▸ Exercise prompt:
From the entries that follow, copy every line with the word "MapQuickView".

━━━━━ Input data

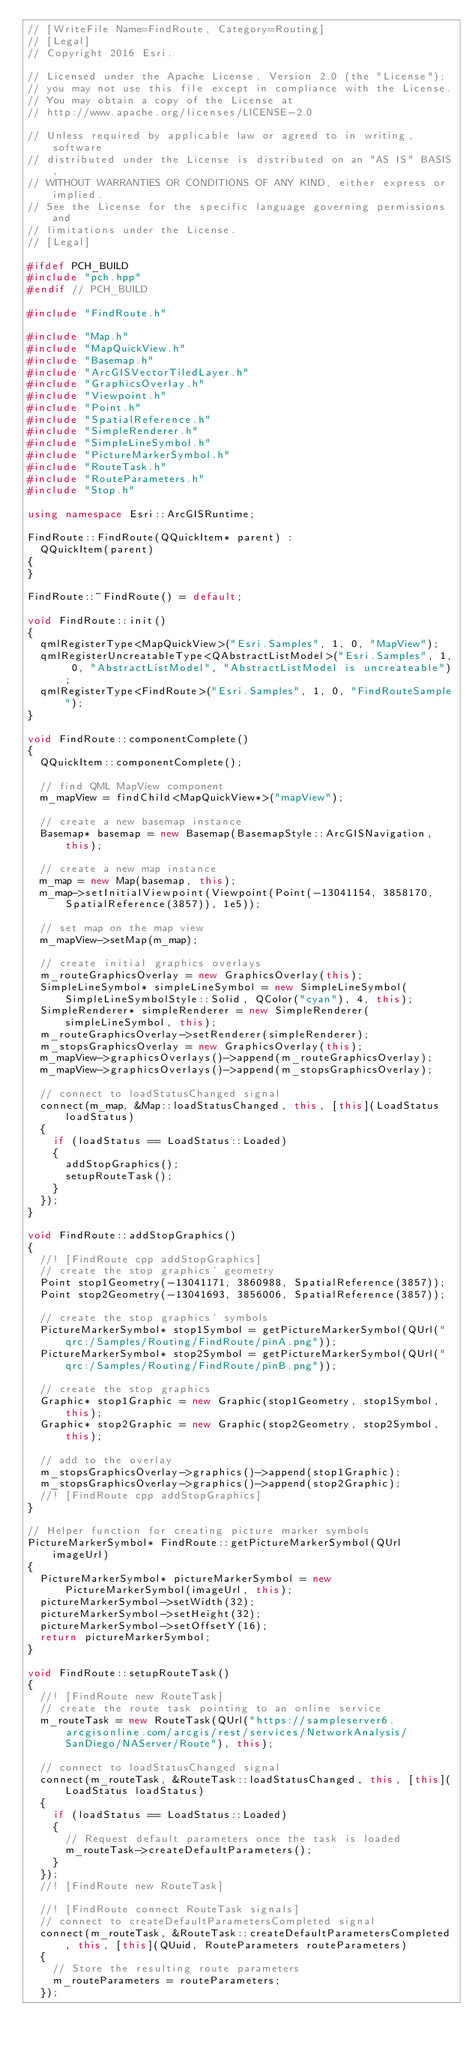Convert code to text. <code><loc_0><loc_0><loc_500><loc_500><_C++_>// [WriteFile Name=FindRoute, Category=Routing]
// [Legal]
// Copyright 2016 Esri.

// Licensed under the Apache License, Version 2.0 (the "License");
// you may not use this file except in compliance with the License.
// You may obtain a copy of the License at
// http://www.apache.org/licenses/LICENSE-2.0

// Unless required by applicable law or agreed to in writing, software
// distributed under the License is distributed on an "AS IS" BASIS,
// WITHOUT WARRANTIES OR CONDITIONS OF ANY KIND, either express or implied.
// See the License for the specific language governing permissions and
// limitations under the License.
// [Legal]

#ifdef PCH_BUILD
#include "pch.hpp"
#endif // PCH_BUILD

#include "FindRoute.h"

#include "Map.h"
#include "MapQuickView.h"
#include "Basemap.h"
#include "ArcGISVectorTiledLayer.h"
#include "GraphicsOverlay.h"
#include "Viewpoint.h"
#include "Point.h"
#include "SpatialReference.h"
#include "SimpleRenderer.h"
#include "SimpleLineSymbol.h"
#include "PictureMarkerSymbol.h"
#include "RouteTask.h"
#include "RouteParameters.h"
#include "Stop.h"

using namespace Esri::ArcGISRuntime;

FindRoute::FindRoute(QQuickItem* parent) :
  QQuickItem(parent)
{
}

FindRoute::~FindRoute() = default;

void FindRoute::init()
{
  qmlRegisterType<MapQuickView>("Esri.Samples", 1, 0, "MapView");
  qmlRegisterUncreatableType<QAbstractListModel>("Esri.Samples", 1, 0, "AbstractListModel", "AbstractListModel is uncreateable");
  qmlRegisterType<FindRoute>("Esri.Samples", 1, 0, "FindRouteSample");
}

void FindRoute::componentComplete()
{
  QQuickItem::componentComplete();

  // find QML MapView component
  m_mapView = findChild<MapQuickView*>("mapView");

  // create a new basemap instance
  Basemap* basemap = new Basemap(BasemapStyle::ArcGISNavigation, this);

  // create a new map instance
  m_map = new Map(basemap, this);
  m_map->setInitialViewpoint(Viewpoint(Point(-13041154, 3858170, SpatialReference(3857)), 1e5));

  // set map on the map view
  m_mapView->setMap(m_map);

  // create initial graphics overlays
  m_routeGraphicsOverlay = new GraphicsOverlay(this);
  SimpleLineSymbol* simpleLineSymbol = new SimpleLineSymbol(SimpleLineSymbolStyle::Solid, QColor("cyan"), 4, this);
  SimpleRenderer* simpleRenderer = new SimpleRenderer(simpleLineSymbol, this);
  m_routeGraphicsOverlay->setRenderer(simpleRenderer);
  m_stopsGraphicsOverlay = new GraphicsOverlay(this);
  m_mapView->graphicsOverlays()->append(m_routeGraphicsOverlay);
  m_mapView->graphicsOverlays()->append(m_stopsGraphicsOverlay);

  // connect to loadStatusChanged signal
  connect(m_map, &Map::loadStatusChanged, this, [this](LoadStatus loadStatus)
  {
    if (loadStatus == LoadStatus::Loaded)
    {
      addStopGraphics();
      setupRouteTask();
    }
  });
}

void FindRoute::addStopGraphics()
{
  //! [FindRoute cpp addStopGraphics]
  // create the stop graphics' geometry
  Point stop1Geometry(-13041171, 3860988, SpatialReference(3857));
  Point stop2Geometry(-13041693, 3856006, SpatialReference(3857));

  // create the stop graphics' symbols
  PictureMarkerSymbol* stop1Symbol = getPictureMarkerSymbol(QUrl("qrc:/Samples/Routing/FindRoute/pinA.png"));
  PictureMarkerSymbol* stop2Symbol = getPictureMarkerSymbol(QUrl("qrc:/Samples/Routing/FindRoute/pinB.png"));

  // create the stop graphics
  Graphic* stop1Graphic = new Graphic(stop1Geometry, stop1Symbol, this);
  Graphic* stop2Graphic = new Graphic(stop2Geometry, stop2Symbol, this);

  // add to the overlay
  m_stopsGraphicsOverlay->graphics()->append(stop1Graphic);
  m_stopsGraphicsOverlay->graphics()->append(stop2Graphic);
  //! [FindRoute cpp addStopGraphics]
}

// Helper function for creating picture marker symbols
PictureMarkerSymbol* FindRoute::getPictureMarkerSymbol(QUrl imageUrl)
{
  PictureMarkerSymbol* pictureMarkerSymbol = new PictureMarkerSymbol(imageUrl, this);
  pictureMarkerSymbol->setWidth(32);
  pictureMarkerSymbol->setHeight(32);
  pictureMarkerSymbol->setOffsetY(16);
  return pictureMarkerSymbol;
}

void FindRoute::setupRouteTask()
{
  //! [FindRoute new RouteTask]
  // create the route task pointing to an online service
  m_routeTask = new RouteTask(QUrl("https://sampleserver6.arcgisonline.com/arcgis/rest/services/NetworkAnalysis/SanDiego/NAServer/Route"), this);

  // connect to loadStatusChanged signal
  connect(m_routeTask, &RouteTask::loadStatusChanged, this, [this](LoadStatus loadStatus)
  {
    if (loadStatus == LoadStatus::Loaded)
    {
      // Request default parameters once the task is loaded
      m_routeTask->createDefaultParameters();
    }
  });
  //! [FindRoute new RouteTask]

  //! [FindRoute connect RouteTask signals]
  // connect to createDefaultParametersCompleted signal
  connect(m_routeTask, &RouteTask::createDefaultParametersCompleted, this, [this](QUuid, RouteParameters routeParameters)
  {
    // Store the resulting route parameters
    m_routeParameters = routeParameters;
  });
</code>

━━━━━━━━━━

▸ Output:
#include "MapQuickView.h"
  qmlRegisterType<MapQuickView>("Esri.Samples", 1, 0, "MapView");
  m_mapView = findChild<MapQuickView*>("mapView");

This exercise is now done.